Abbott, an Illinois corporation, is a diversified health care company that develops and markets pharmaceutical, diagnostic, nutritional, and hospital products. Abbott’s Diagnostics Division (“ADD”) manufactures hundreds of different kinds of diagnostic kits and devices, including tests which indicate the safety of donated blood, detect heart attacks, and identify cancerous tumors. These products are heavily regulated by the FDA and must be manufactured in accordance with the “Quality System Regulations” (“QSR”), 21 C.F.R. § 820, and the requirements of the “Current Good Manufacturing Practice” (“CGMP”), as defined in 21 C.F.R. § 820.1. These regulations expressly assign corporate management the responsibility to assure compliance with the CGMP. 21 C.F.R. § 820.20. The FDA periodically inspects manufacturing plants to ensure compliance.
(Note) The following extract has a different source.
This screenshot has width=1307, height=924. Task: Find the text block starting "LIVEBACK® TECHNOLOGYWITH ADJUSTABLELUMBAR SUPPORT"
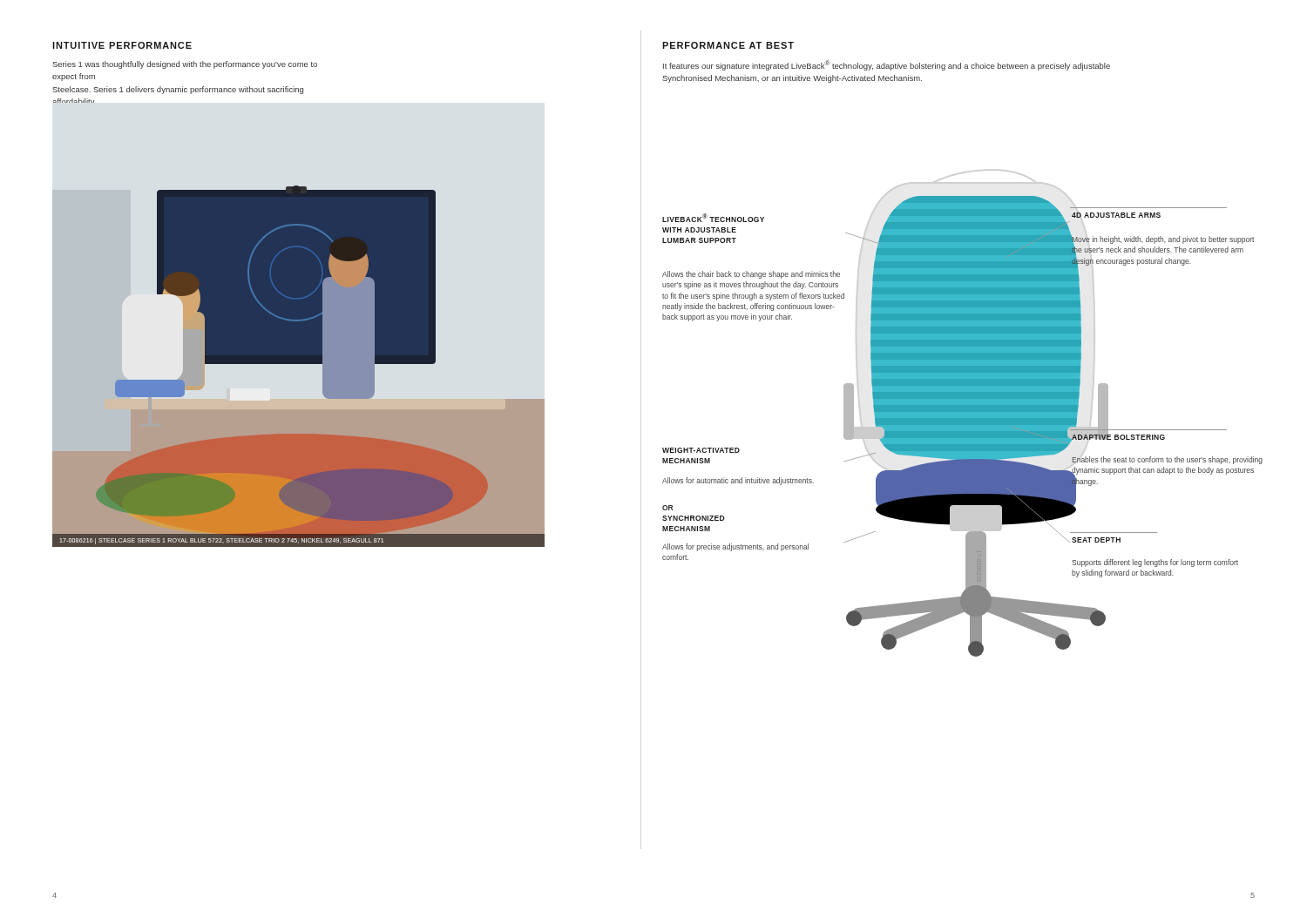[754, 230]
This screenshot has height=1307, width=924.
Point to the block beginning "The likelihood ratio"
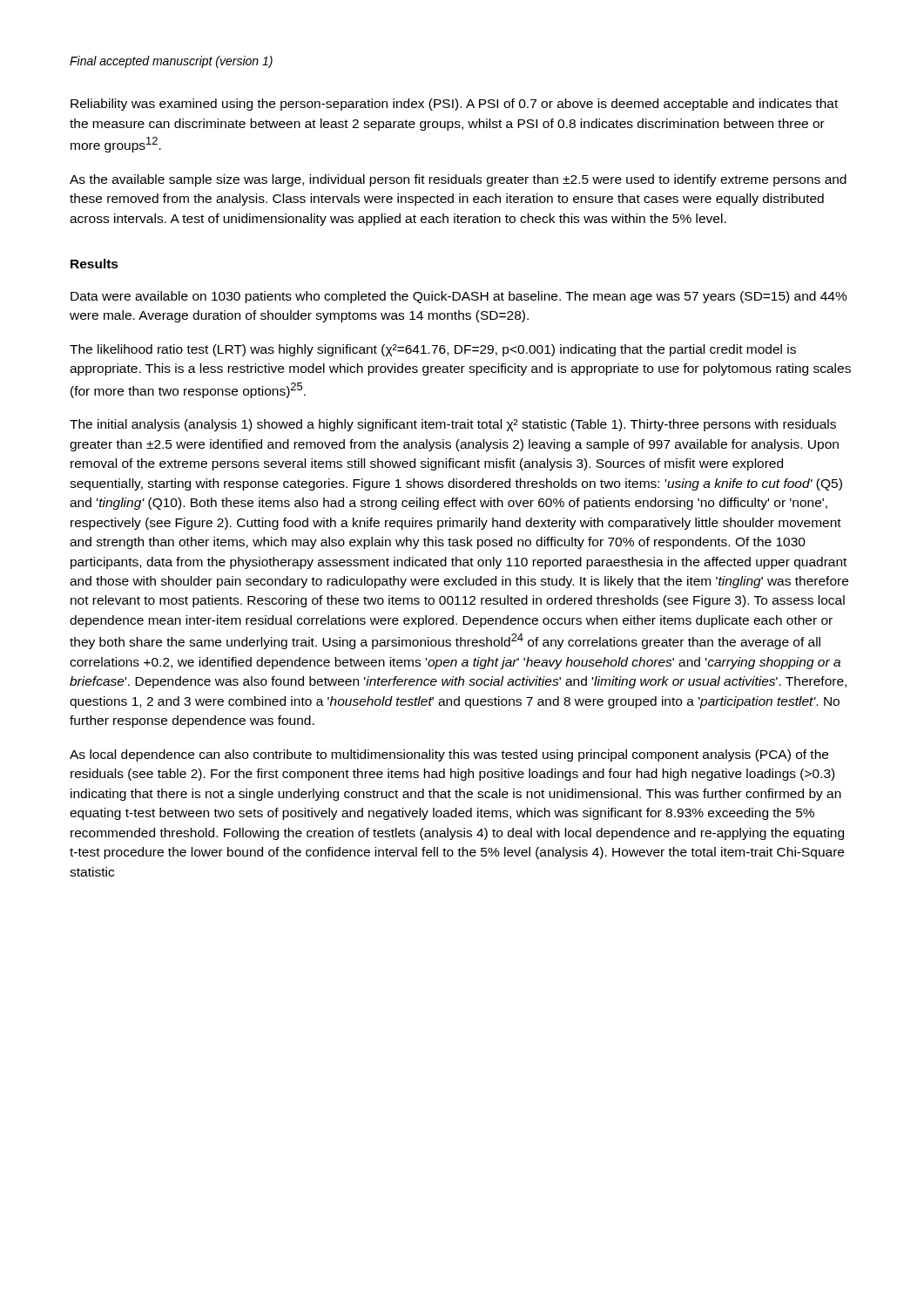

During a six-year period from 1993 until 1999, the FDA conducted thirteen separate inspections of Abbott’s Abbott Park and North Chicago facilities. The inspections, some lasting for two months or longer, were conducted under a program designed not only to ensure that data and information concerning the in vitro 1 diagnostic products are scientifically valid and accurate, but to ensure that the human subjects are protected from undue hazard or risk during the course of the scientific investigations. After each inspection, the FDA first sends a Form 488 to the manufacturer which notes any deviations under the CGMP, then discusses the findings with the manufacturer’s representative, and requests a plan for correcting the violations.

In addition to the Form 483s and the ensuing follow-up after each inspection, the FDA sent four formal certified Warning Letters to Abbott. The first was sent by the FDA’s district director to David Thompson, president of ADD, on October 20, 1993, noting that an FDA on-site inspection at the North Chicago facility from April 7 through May 4, 1993 had found adulterated 2 in vitro diagnostic products not in conformance with the CGMP. The letter stated, “Failure to correct these deviations may result in regulatory action being initiated by the Food and Drug Administration without further notice. These actions include, but are not limited to seizure, injunction, and/or civil penalties.” All of the Warning Letters and follow-up letters contained that statement. A second Warning Letter from the district director was sent on March 28, 1994 to Thompson and copied to Duane Burnham, chairman of the board of directors and Chief Executive Officer (“CEO”) of Abbott. After an inspection at the Abbott Park facility, the FDA reiterated that certain in vitro diagnostic test kits had failed to comply with the CGMP. A follow-up letter from the FDA’s acting director to the manager of ADD, again copied to Burnham, was sent by overnight mail on October 11, 1994, detailing the continuing deficiencies of certain diagnostic test kits. This letter also noted that the FDA had reviewed Abbott’s responses to the 483s issued on June 10, 1994 and July 13, 1994, and requested “written documentation of any other specific steps you have taken or will be taking to correct these violations *800 and to prevent the recurrence of similar violations in current and future studies.”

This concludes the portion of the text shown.